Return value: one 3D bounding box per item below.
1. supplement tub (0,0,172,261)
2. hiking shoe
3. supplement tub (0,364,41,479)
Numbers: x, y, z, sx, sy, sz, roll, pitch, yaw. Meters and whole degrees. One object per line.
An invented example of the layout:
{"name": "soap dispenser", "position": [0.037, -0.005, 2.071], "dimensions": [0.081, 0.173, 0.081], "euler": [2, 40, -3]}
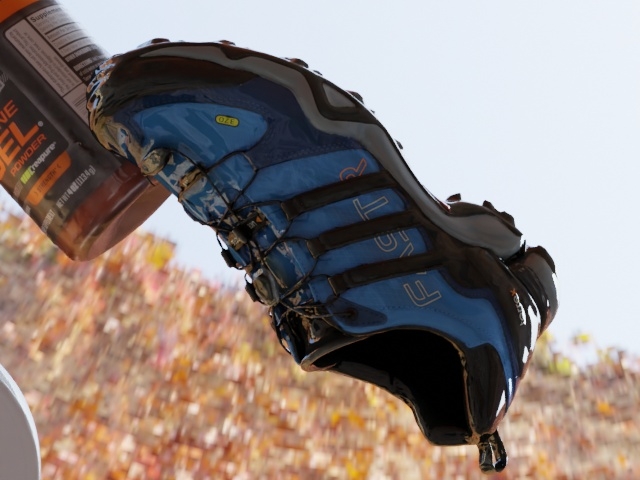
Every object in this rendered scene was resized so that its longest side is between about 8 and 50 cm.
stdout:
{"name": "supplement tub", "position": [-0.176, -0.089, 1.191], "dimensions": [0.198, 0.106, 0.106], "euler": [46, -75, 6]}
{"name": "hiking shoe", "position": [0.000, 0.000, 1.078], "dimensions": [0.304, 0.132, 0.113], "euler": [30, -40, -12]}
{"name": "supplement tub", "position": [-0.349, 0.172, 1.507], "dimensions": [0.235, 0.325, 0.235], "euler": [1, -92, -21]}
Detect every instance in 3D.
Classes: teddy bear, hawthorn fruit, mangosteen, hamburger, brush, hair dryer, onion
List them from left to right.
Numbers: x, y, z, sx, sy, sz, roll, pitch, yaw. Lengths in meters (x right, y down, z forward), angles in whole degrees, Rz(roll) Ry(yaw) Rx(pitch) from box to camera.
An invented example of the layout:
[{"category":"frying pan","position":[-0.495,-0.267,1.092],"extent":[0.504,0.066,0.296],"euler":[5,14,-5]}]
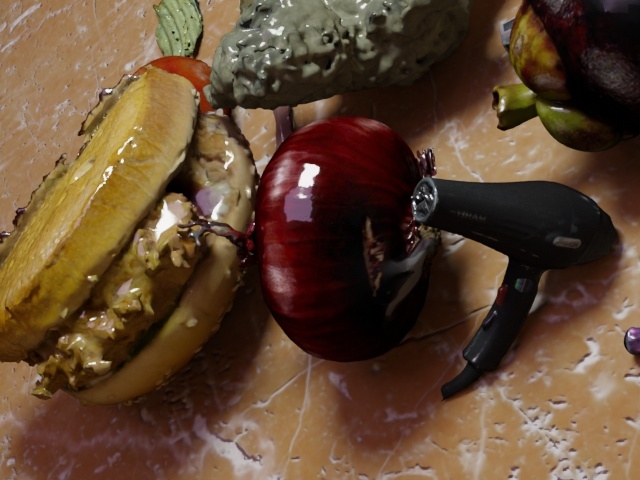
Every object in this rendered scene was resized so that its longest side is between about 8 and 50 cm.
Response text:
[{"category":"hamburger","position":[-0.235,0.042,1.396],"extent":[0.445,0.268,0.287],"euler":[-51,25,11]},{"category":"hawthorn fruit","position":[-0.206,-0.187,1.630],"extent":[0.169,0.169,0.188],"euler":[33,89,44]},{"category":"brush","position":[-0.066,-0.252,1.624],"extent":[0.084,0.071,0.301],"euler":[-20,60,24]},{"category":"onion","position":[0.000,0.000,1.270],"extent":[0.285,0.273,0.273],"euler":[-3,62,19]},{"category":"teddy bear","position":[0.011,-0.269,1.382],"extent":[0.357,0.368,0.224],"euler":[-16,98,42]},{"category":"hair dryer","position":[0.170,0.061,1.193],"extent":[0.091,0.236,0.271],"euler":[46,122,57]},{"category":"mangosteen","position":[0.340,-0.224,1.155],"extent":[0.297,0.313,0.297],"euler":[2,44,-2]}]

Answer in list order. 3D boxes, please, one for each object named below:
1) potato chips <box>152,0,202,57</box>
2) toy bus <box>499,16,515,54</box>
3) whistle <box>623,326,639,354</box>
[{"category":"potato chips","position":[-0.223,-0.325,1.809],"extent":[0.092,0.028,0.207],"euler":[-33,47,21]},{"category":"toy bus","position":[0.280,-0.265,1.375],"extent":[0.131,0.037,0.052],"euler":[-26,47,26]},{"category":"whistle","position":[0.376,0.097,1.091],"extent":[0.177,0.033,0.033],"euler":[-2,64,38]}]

________________________________________

What you are asked to do: Your answer should consist only of the number of lines in the entries above that include "below".

Written response: 2